October 26, 2021

Students feeling stressed

Colin Spencer/staff reporter

Melissa Brown, the school psychologist at Homer Junior High School, works in her office Tuesday. While students across America have reported more stress during the COVID-19 pandemic, greater Cortland area students have shown mixed results, depending on how their districts operate.

When schools like Homer Junior High School started using remote learning last year as the pandemic took a hold of the country, students were required to become more independent, said school psychologist Melissa Brown.

That “added a level of stress they (junior high students) haven’t really had before,” she said Tuesday.

As many students have switched to online learning and lost personal connections, student stress has increased nationwide, according to news media reports.
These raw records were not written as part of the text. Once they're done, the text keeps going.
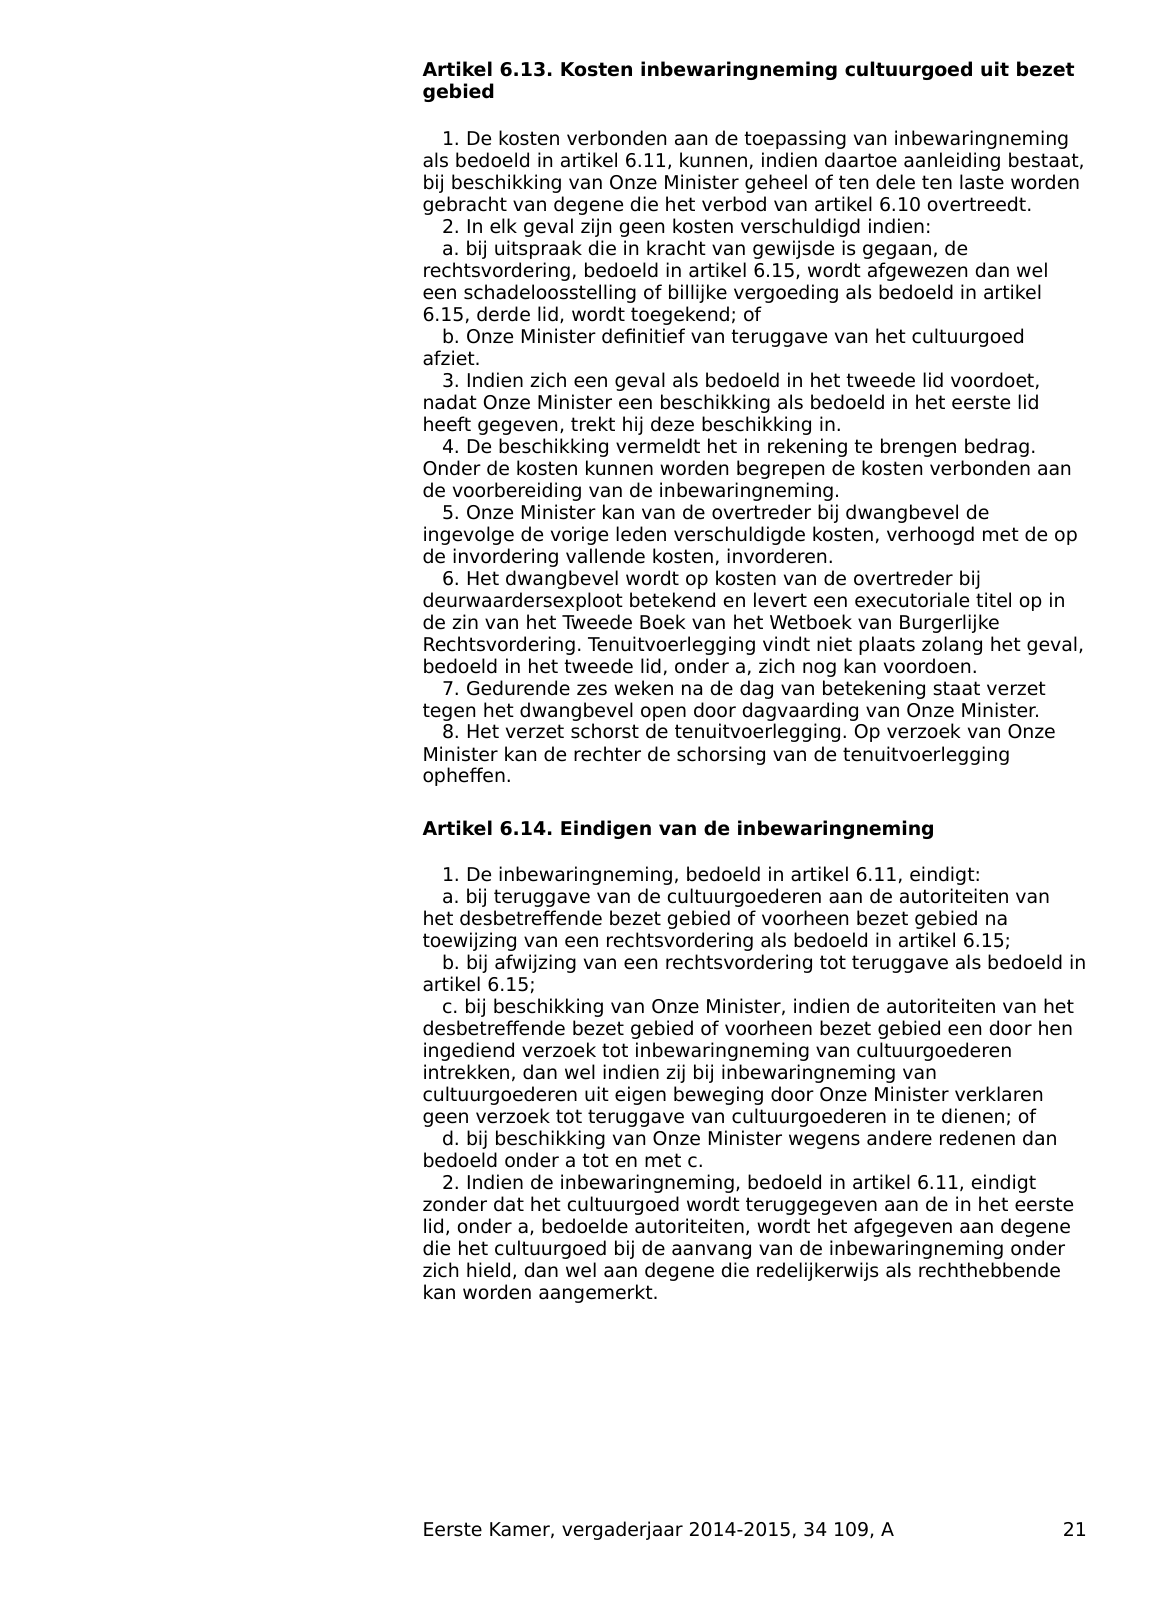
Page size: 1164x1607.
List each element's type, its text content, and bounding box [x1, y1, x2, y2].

text c. bij beschikking van Onze Minister, indien de autoriteiten van het desbetreffende bezet gebied of voorheen bezet gebied een door hen ingediend verzoek tot inbewaringneming van cultuurgoederen intrekken, dan wel indien zij bij inbewaringneming van cultuurgoederen uit eigen beweging door Onze Minister verklaren geen verzoek tot teruggave van cultuurgoederen in te dienen; of [422, 996, 1087, 1128]
text 2. In elk geval zijn geen kosten verschuldigd indien: [422, 216, 1087, 238]
text 7. Gedurende zes weken na de dag van betekening staat verzet tegen het dwangbevel open door dagvaarding van Onze Minister. [422, 677, 1087, 721]
text 1. De inbewaringneming, bedoeld in artikel 6.11, eindigt: [422, 864, 1087, 886]
text 6. Het dwangbevel wordt op kosten van de overtreder bij deurwaardersexploot betekend en levert een executoriale titel op in de zin van het Tweede Boek van het Wetboek van Burgerlijke Rechtsvordering. Tenuitvoerlegging vindt niet plaats zolang het geval, bedoeld in het tweede lid, onder a, zich nog kan voordoen. [422, 568, 1087, 677]
text b. bij afwijzing van een rechtsvordering tot teruggave als bedoeld in artikel 6.15; [422, 952, 1087, 996]
text a. bij teruggave van de cultuurgoederen aan de autoriteiten van het desbetreffende bezet gebied of voorheen bezet gebied na toewijzing van een rechtsvordering als bedoeld in artikel 6.15; [422, 886, 1087, 952]
text 1. De kosten verbonden aan de toepassing van inbewaringneming als bedoeld in artikel 6.11, kunnen, indien daartoe aanleiding bestaat, bij beschikking van Onze Minister geheel of ten dele ten laste worden gebracht van degene die het verbod van artikel 6.10 overtreedt. [422, 128, 1087, 216]
text b. Onze Minister definitief van teruggave van het cultuurgoed afziet. [422, 326, 1087, 370]
text a. bij uitspraak die in kracht van gewijsde is gegaan, de rechtsvordering, bedoeld in artikel 6.15, wordt afgewezen dan wel een schadeloosstelling of billijke vergoeding als bedoeld in artikel 6.15, derde lid, wordt toegekend; of [422, 238, 1087, 326]
subtitle Artikel 6.14. Eindigen van de inbewaringneming [422, 817, 1087, 839]
text 4. De beschikking vermeldt het in rekening te brengen bedrag. Onder de kosten kunnen worden begrepen de kosten verbonden aan de voorbereiding van de inbewaringneming. [422, 436, 1087, 502]
subtitle Artikel 6.13. Kosten inbewaringneming cultuurgoed uit bezet gebied [422, 59, 1087, 103]
text d. bij beschikking van Onze Minister wegens andere redenen dan bedoeld onder a tot en met c. [422, 1128, 1087, 1172]
text 3. Indien zich een geval als bedoeld in het tweede lid voordoet, nadat Onze Minister een beschikking als bedoeld in het eerste lid heeft gegeven, trekt hij deze beschikking in. [422, 370, 1087, 436]
text 8. Het verzet schorst de tenuitvoerlegging. Op verzoek van Onze Minister kan de rechter de schorsing van de tenuitvoerlegging opheffen. [422, 721, 1087, 787]
text 2. Indien de inbewaringneming, bedoeld in artikel 6.11, eindigt zonder dat het cultuurgoed wordt teruggegeven aan de in het eerste lid, onder a, bedoelde autoriteiten, wordt het afgegeven aan degene die het cultuurgoed bij de aanvang van de inbewaringneming onder zich hield, dan wel aan degene die redelijkerwijs als rechthebbende kan worden aangemerkt. [422, 1172, 1087, 1304]
text 5. Onze Minister kan van de overtreder bij dwangbevel de ingevolge de vorige leden verschuldigde kosten, verhoogd met de op de invordering vallende kosten, invorderen. [422, 502, 1087, 568]

In a poll of 10,000 U.S. high school students by NBC News and Challenge Success, 56% of students said they dealt with more stress during the pandemic. Further, “84% of remote students reported exhaustion, headaches, insomnia or other stress-related ailments, compared to 82% of students who were in the classroom on some days and 78% of students who were in the classroom full time,” the poll found.

The results in Cortland County, though, have been mixed.

At Homer Junior High School, Brown said that having a hybrid style of learning — where some students are in class some days of the week and others on the alternate days of the week — has created mixed results.

When the school originally went remote, she said she thought all students would become more stressed and their school work would suffer.

“But having that virtual option has helped in some cases” in allowing for students to adapt to learning in more fluid ways, she said.

For the students who are more stressed, Brown said it is in part from students not having faced anything like the pandemic before.

Brown said students who have been learning remotely can, though not always do, just log off once class is finished even if they don’t understand the coursework. This can hinder students from fully understanding the subject, which is more likely with remote learners than with students learning in person. In-person students are more or less forced to interact with their teachers, which Brown said can be a benefit for the students’ understanding.

“It’s easier for students to just disconnect, literally and figuratively this year,” she said.

Brown said teachers who have noticed students not attending classes virtually have contacted the students and their families to make sure they are doing all right. Brown also meets students who need support for stress.

The students, though, have been more resilient than expected, she said.

Not all school districts in Cortland County face the same issues, though. McGraw Central School District students have had in-person learning since the start of the school year, Superintendent Melinda McCool said. While students were stressed at the beginning of the school year, reintroducing sports, extracurricular activities and clubs has helped.

“We began the school year off with many unknowns,” McCool said. “By following all hygiene and cleaning etiquette with complete confidence, we have been able to slowly introduce more activities and ease into normalcy.”

The district also has added another counselor this year and has increased their time as support tools, said McGraw Elementary Principal Susan Prince.

“We’re just really focusing on the students’ mental health and trying to help them through these difficult times,” she said.